In the records below, tally the lines that contain the word "outside" and give only that number.
'''
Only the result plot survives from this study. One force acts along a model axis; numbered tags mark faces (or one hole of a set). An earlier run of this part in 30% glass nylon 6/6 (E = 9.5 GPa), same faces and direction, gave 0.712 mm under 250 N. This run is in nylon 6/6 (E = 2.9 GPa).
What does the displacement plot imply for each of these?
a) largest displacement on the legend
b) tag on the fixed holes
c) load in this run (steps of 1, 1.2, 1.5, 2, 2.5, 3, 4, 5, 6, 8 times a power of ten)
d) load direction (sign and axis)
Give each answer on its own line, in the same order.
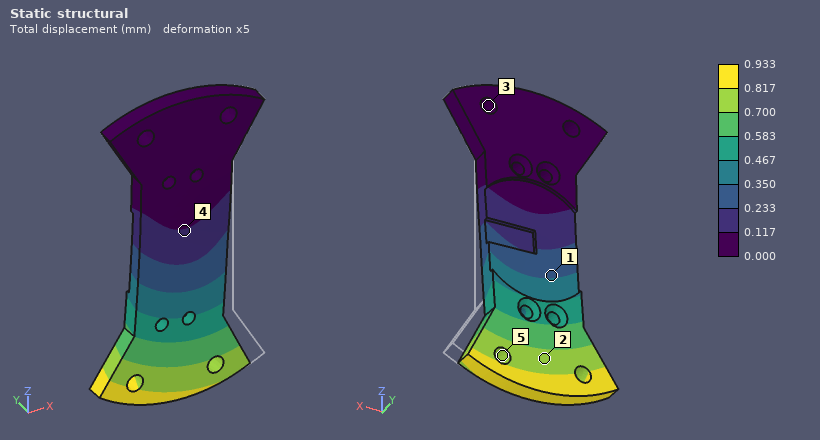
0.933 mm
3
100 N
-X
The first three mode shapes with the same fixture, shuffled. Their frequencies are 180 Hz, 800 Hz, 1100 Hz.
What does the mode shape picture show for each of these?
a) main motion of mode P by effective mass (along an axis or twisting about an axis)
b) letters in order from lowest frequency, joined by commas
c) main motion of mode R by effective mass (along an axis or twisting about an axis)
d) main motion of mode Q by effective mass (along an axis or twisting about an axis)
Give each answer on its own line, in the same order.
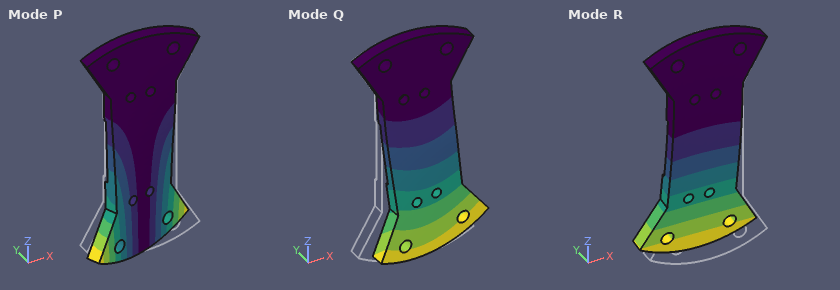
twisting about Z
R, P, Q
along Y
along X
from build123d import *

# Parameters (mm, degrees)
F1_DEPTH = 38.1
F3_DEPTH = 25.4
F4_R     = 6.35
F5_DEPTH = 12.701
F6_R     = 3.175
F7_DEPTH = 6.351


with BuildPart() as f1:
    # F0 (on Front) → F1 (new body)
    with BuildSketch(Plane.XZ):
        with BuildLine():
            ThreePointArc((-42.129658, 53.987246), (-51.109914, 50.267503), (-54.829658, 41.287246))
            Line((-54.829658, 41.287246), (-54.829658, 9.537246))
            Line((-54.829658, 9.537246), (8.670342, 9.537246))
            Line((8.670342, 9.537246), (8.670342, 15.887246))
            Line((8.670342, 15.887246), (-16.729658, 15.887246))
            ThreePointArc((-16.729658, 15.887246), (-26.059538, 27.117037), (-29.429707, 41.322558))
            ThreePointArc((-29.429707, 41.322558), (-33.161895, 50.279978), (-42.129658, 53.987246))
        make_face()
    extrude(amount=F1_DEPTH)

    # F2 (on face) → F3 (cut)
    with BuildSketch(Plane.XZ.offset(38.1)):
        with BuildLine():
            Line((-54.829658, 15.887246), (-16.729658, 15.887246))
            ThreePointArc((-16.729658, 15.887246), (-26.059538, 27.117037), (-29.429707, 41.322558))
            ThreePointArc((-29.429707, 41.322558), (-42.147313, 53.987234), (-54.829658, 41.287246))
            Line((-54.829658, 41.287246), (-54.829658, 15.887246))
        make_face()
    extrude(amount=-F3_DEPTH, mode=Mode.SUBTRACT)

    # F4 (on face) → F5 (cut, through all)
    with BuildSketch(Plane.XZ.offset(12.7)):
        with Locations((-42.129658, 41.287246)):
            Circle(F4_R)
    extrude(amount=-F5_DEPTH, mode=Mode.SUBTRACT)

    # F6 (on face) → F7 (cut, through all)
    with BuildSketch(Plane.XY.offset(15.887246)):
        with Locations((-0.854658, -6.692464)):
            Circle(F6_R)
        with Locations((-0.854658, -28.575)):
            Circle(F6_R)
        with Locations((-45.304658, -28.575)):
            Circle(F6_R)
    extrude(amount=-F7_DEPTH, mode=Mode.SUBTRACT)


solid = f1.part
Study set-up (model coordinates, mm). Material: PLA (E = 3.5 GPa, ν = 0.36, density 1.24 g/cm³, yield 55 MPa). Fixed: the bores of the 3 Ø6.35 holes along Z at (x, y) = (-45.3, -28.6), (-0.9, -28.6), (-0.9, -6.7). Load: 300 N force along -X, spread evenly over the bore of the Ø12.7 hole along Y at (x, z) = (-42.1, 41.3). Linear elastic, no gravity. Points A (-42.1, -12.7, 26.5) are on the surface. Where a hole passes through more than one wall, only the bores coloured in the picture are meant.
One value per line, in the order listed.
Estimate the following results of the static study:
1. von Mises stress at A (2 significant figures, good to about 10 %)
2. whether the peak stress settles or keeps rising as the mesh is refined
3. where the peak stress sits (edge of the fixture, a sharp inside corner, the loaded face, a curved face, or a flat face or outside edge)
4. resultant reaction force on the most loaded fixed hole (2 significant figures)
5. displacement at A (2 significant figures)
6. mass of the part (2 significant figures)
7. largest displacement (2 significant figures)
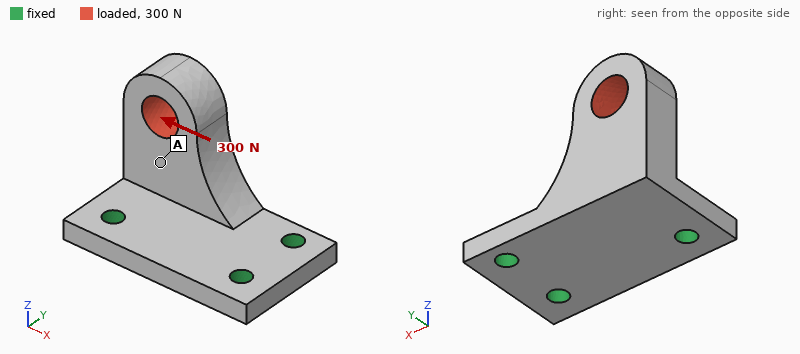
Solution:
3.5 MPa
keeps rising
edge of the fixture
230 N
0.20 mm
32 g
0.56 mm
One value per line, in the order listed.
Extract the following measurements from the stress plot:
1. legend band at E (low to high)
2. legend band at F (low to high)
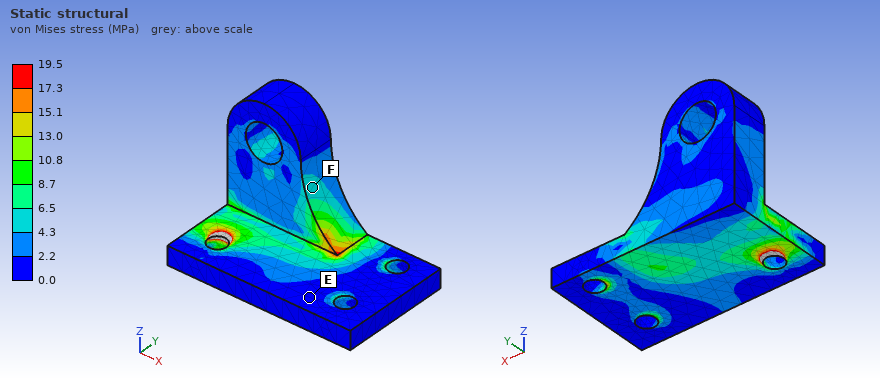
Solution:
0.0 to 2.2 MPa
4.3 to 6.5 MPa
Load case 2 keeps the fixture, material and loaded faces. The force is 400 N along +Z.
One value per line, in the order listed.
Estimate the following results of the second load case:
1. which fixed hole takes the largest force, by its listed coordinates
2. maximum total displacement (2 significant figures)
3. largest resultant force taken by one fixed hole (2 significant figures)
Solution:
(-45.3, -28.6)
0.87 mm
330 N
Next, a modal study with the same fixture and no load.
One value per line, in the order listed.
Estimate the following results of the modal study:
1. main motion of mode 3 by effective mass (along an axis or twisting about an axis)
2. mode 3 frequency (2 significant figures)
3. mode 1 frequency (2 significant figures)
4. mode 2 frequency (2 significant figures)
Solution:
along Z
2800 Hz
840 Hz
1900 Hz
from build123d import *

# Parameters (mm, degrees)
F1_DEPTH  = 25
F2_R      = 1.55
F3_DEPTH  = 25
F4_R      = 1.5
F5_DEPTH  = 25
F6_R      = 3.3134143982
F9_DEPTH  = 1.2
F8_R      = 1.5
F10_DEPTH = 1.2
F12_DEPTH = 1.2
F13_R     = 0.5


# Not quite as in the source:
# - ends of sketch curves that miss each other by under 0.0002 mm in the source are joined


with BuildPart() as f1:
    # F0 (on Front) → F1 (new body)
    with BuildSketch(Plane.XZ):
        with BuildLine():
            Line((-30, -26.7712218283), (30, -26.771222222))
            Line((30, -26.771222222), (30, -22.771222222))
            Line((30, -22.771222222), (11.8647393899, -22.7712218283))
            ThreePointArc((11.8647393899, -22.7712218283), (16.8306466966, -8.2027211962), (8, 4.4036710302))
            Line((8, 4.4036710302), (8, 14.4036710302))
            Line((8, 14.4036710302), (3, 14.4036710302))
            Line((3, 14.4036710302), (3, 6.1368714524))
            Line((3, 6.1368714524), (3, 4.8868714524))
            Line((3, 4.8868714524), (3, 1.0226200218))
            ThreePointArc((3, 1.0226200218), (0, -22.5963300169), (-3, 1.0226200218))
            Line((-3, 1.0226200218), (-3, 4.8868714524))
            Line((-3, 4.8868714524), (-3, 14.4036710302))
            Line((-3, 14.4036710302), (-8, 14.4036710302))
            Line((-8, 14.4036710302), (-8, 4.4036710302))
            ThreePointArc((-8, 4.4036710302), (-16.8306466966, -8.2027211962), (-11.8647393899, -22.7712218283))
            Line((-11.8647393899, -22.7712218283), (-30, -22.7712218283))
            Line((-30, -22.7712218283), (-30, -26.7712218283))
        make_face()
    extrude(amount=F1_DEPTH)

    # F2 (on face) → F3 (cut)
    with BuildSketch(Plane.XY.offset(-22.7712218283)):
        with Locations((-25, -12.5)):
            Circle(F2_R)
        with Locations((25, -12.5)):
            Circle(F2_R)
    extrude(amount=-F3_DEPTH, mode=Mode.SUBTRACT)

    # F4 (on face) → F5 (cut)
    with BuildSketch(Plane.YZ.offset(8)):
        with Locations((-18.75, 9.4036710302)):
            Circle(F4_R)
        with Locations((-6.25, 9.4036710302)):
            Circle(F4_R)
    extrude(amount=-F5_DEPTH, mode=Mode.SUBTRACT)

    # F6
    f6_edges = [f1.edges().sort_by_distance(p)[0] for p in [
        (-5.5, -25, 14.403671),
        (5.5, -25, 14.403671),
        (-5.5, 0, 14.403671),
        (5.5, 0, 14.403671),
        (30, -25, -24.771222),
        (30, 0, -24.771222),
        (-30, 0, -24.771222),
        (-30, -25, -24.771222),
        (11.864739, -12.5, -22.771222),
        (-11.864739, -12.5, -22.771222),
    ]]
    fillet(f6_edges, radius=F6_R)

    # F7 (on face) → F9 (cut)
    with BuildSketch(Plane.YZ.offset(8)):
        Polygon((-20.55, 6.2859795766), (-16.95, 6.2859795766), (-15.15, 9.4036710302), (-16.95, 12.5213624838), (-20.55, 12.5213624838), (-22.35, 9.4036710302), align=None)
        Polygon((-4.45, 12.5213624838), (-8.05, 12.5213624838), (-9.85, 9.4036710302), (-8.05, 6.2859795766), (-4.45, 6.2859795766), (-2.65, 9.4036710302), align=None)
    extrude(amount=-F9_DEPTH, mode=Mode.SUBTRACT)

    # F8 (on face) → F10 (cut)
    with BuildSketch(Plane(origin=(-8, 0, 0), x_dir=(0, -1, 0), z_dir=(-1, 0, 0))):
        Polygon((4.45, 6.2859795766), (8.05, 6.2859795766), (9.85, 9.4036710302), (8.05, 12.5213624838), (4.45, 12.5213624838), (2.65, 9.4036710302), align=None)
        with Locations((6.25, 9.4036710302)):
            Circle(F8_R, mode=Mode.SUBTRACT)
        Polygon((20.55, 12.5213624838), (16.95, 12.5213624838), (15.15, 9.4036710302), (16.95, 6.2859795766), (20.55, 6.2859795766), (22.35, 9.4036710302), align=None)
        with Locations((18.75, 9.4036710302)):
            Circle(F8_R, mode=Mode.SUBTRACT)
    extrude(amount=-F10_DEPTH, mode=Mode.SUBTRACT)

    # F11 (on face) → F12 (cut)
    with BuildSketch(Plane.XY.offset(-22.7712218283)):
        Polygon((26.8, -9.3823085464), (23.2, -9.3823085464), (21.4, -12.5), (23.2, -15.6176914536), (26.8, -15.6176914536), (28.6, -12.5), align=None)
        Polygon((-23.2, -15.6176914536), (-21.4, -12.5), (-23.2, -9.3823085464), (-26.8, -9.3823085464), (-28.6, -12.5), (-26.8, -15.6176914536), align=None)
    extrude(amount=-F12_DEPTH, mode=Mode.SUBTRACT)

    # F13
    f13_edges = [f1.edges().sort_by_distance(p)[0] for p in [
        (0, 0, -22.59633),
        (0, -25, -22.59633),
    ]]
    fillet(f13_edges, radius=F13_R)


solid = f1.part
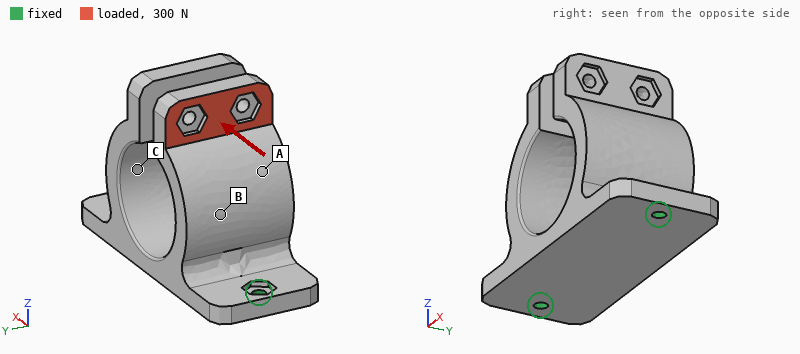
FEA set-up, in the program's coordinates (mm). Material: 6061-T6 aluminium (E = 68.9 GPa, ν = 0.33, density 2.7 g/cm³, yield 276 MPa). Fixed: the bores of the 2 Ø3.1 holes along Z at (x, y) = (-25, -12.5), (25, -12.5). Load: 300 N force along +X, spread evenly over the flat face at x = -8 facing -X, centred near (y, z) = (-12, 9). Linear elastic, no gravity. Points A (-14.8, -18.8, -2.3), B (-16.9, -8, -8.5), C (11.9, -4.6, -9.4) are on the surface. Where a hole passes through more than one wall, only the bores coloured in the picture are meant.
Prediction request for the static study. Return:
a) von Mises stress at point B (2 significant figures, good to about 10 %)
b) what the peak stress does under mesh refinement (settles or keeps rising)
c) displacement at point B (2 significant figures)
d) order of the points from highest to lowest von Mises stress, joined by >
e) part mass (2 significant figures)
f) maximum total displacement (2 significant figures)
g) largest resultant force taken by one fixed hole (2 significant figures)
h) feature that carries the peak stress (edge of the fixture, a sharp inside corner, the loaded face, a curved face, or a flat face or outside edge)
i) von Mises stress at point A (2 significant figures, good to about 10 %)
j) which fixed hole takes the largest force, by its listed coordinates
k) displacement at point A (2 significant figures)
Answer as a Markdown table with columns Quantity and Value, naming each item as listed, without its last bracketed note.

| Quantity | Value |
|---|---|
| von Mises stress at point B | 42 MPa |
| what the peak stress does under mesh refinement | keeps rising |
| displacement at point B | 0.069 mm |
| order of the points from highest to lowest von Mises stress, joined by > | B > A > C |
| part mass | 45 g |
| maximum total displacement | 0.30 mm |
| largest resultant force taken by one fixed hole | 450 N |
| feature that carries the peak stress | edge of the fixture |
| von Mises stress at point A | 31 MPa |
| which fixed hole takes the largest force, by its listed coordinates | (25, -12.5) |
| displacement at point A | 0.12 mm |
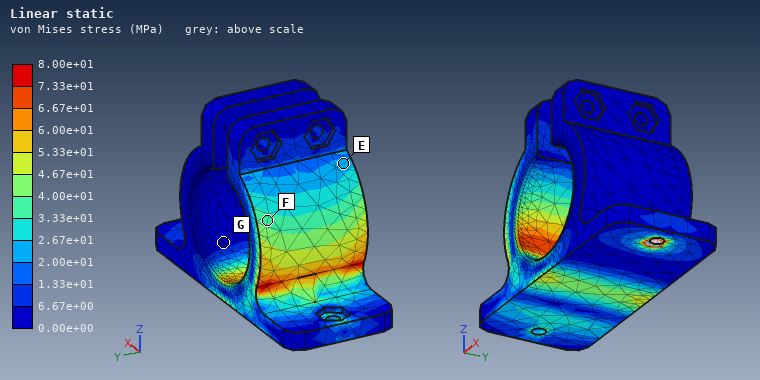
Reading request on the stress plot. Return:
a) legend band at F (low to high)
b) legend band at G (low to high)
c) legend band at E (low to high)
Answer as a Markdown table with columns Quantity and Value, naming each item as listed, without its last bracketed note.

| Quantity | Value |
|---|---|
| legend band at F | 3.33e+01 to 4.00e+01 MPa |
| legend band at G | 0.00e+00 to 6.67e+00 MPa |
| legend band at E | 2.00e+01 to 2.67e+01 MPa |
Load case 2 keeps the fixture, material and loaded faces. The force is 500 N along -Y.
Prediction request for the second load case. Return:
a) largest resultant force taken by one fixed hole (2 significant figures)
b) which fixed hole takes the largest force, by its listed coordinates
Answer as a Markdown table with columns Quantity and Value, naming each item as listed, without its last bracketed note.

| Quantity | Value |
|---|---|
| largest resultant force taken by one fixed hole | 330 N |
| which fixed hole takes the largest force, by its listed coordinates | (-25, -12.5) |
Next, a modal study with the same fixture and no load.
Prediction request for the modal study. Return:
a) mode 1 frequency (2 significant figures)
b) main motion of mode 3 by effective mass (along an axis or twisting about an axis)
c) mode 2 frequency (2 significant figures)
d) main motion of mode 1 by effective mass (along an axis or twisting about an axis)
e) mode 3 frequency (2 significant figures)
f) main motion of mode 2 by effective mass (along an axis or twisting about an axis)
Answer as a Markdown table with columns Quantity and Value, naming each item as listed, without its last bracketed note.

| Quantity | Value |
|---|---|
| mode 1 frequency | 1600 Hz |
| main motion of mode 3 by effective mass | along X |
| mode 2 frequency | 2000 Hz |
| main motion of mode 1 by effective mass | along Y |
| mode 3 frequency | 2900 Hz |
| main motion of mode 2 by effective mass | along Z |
'''
> Response: 2